[Entries supplied Boundary: Start]

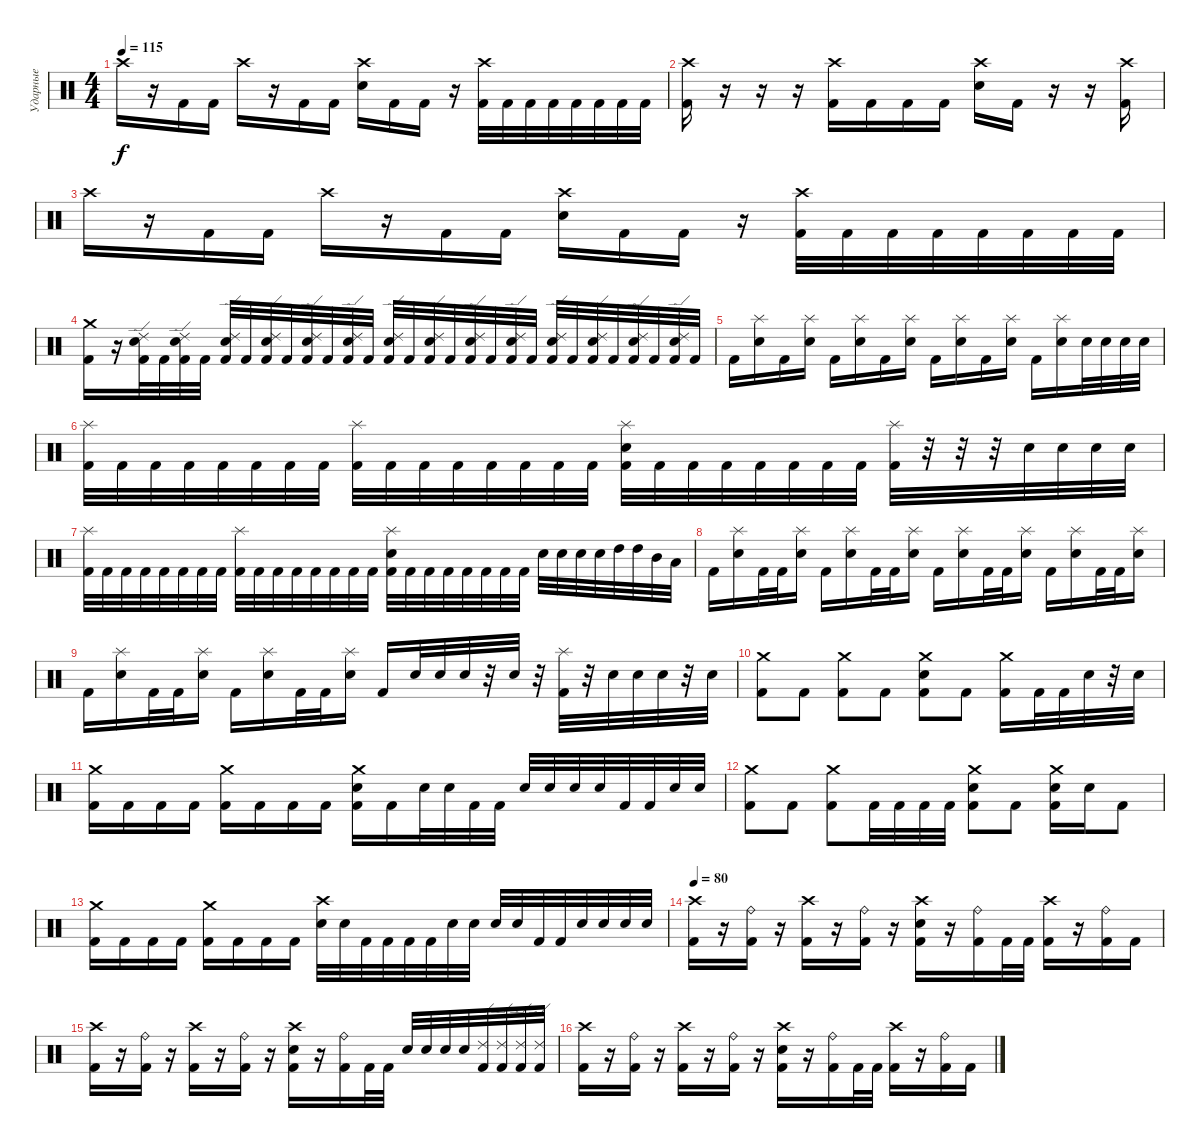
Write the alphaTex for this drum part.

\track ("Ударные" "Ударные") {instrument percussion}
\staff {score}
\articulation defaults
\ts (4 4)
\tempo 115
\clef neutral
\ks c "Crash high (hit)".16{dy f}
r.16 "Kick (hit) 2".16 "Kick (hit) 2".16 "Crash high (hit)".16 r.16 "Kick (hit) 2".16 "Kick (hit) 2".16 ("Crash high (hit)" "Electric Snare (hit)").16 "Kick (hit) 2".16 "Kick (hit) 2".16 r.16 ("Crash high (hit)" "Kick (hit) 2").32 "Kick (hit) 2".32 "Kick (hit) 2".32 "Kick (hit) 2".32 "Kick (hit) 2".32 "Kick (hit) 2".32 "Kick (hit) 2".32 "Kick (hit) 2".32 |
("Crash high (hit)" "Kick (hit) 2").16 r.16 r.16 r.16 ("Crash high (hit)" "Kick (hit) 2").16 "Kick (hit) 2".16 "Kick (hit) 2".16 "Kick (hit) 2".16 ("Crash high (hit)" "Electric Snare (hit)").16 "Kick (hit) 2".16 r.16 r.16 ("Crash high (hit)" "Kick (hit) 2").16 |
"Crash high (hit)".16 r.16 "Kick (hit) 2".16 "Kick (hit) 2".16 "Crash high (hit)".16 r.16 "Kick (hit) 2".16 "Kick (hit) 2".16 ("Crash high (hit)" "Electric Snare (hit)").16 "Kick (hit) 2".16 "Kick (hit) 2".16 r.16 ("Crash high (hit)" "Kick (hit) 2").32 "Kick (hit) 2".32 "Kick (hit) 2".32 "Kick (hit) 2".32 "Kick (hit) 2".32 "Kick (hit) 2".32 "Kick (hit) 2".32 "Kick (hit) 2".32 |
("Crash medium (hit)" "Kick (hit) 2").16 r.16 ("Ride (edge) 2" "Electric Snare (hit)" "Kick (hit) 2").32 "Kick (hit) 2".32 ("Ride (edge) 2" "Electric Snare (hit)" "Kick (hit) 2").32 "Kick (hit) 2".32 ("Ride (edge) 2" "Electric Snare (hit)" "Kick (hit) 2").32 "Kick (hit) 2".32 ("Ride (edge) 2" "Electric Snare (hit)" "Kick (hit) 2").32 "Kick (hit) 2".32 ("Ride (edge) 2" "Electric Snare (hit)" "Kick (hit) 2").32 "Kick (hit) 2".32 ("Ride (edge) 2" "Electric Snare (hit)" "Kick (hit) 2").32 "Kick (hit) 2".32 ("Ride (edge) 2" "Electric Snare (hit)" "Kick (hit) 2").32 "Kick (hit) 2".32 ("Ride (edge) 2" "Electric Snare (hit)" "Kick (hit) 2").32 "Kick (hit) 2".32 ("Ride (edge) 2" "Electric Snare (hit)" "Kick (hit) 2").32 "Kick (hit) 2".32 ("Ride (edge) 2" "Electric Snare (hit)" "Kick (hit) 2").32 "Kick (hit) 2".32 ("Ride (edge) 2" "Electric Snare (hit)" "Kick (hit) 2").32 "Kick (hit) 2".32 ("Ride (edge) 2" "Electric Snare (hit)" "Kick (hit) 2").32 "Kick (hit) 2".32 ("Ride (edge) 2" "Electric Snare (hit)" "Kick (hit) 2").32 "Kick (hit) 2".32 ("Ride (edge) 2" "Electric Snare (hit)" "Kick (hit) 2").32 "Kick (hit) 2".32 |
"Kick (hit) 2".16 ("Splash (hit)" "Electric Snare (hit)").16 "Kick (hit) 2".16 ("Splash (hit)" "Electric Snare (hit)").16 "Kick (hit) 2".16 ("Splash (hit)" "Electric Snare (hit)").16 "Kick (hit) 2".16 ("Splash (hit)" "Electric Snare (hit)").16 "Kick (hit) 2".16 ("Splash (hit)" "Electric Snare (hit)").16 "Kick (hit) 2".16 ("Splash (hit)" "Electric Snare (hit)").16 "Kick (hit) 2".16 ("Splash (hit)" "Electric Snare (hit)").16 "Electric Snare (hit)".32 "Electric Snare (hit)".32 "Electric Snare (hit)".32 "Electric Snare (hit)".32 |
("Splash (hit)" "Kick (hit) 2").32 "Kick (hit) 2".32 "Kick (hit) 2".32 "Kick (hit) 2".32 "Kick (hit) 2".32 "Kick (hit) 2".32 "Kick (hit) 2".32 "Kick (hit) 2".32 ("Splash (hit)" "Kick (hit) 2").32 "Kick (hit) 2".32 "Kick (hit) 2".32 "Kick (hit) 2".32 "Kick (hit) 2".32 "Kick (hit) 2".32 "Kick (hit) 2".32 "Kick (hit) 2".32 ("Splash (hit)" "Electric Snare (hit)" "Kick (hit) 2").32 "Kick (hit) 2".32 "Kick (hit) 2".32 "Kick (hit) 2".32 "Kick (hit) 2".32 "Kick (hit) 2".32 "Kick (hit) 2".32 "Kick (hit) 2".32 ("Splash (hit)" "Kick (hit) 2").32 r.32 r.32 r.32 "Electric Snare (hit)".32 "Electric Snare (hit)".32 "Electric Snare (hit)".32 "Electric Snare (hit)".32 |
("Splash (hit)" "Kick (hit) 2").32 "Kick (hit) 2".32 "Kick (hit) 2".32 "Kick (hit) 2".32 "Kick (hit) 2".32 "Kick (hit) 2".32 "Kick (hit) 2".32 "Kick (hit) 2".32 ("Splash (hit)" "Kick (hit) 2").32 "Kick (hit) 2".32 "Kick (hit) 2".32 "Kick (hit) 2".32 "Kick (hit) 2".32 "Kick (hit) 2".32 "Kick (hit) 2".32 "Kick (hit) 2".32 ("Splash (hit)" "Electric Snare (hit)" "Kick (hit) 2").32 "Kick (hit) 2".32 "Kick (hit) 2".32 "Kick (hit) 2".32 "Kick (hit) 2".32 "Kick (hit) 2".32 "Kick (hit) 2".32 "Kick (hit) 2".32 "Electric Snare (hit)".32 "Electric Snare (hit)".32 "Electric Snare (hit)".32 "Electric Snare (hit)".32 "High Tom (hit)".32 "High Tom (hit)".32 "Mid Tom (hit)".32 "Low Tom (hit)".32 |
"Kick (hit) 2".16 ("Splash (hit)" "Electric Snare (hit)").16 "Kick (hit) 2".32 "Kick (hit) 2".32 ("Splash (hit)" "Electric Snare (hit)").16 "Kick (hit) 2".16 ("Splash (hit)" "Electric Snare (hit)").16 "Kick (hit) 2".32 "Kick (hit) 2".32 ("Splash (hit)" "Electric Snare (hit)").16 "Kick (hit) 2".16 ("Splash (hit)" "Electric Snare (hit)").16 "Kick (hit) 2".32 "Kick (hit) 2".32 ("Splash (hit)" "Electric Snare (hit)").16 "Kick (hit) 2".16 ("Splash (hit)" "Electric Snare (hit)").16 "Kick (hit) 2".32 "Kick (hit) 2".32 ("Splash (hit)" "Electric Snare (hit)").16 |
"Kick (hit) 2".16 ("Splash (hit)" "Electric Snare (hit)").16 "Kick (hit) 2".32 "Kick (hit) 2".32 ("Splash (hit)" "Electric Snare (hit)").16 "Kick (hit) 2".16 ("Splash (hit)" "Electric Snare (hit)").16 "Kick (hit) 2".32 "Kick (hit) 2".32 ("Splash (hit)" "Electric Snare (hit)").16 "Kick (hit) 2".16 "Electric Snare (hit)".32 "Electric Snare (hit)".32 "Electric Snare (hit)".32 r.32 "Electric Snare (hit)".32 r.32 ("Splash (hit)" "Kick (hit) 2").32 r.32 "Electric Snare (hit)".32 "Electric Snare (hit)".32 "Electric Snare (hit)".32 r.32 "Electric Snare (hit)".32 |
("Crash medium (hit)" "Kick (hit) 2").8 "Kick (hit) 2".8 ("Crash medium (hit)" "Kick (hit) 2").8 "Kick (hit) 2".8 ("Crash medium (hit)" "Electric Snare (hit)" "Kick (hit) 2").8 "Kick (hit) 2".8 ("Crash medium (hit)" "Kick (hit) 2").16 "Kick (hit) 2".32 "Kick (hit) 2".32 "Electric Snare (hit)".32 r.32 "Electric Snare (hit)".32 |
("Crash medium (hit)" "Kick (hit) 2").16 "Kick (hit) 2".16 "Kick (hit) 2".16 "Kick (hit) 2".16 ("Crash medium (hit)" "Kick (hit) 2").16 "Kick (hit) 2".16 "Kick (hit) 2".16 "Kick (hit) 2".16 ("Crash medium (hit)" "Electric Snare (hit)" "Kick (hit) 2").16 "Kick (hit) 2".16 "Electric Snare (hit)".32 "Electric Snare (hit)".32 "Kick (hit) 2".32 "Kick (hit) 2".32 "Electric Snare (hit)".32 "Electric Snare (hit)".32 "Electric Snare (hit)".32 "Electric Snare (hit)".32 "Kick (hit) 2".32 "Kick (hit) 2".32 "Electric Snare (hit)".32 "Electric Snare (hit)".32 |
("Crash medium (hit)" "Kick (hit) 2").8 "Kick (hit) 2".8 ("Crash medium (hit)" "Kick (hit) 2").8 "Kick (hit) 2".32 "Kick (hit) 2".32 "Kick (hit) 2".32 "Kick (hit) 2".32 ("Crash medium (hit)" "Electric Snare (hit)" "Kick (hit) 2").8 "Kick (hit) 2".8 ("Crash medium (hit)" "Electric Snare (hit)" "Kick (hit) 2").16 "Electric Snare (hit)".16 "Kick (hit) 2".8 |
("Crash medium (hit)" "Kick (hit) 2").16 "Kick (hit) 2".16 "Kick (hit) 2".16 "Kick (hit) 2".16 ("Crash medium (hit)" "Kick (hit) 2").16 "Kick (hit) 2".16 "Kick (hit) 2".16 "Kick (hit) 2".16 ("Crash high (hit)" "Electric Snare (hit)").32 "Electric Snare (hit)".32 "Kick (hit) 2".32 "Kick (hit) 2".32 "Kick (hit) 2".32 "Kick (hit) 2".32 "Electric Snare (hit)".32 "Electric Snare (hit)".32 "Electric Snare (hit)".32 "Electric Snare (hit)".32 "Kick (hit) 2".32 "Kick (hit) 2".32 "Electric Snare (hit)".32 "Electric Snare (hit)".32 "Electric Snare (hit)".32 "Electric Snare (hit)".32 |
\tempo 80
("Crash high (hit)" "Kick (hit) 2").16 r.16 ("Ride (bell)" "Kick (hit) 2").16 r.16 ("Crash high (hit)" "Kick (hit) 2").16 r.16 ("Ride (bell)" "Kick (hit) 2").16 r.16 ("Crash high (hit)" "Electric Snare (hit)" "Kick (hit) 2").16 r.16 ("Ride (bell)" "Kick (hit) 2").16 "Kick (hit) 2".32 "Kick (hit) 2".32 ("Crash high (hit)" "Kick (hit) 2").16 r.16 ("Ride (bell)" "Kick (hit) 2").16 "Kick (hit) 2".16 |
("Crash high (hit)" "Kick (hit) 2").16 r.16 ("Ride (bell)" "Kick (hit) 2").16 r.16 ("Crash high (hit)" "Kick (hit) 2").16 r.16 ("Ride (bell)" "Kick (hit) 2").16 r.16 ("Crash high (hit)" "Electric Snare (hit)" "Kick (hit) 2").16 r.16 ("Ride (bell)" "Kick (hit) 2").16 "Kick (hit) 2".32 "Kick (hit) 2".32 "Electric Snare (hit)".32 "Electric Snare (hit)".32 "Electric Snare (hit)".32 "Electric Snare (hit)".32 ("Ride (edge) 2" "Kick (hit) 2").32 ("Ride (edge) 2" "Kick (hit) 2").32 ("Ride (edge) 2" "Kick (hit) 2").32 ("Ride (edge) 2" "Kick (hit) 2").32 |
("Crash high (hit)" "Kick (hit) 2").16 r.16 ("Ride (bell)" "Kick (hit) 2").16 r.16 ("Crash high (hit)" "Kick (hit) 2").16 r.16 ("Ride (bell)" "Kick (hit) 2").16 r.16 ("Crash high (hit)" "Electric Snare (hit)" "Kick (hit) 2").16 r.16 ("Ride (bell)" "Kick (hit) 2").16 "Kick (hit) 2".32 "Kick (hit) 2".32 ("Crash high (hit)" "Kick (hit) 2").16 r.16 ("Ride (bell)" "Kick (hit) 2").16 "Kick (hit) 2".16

[Entries supplied Boundary: End]

To do
Please filter the entries above down to the lines holding "bell" and copy them.

Written response
("Crash high (hit)" "Kick (hit) 2").16 r.16 ("Ride (bell)" "Kick (hit) 2").16 r.16 ("Crash high (hit)" "Kick (hit) 2").16 r.16 ("Ride (bell)" "Kick (hit) 2").16 r.16 ("Crash high (hit)" "Electric Snare (hit)" "Kick (hit) 2").16 r.16 ("Ride (bell)" "Kick (hit) 2").16 "Kick (hit) 2".32 "Kick (hit) 2".32 ("Crash high (hit)" "Kick (hit) 2").16 r.16 ("Ride (bell)" "Kick (hit) 2").16 "Kick (hit) 2".16 |
("Crash high (hit)" "Kick (hit) 2").16 r.16 ("Ride (bell)" "Kick (hit) 2").16 r.16 ("Crash high (hit)" "Kick (hit) 2").16 r.16 ("Ride (bell)" "Kick (hit) 2").16 r.16 ("Crash high (hit)" "Electric Snare (hit)" "Kick (hit) 2").16 r.16 ("Ride (bell)" "Kick (hit) 2").16 "Kick (hit) 2".32 "Kick (hit) 2".32 "Electric Snare (hit)".32 "Electric Snare (hit)".32 "Electric Snare (hit)".32 "Electric Snare (hit)".32 ("Ride (edge) 2" "Kick (hit) 2").32 ("Ride (edge) 2" "Kick (hit) 2").32 ("Ride (edge) 2" "Kick (hit) 2").32 ("Ride (edge) 2" "Kick (hit) 2").32 |
("Crash high (hit)" "Kick (hit) 2").16 r.16 ("Ride (bell)" "Kick (hit) 2").16 r.16 ("Crash high (hit)" "Kick (hit) 2").16 r.16 ("Ride (bell)" "Kick (hit) 2").16 r.16 ("Crash high (hit)" "Electric Snare (hit)" "Kick (hit) 2").16 r.16 ("Ride (bell)" "Kick (hit) 2").16 "Kick (hit) 2".32 "Kick (hit) 2".32 ("Crash high (hit)" "Kick (hit) 2").16 r.16 ("Ride (bell)" "Kick (hit) 2").16 "Kick (hit) 2".16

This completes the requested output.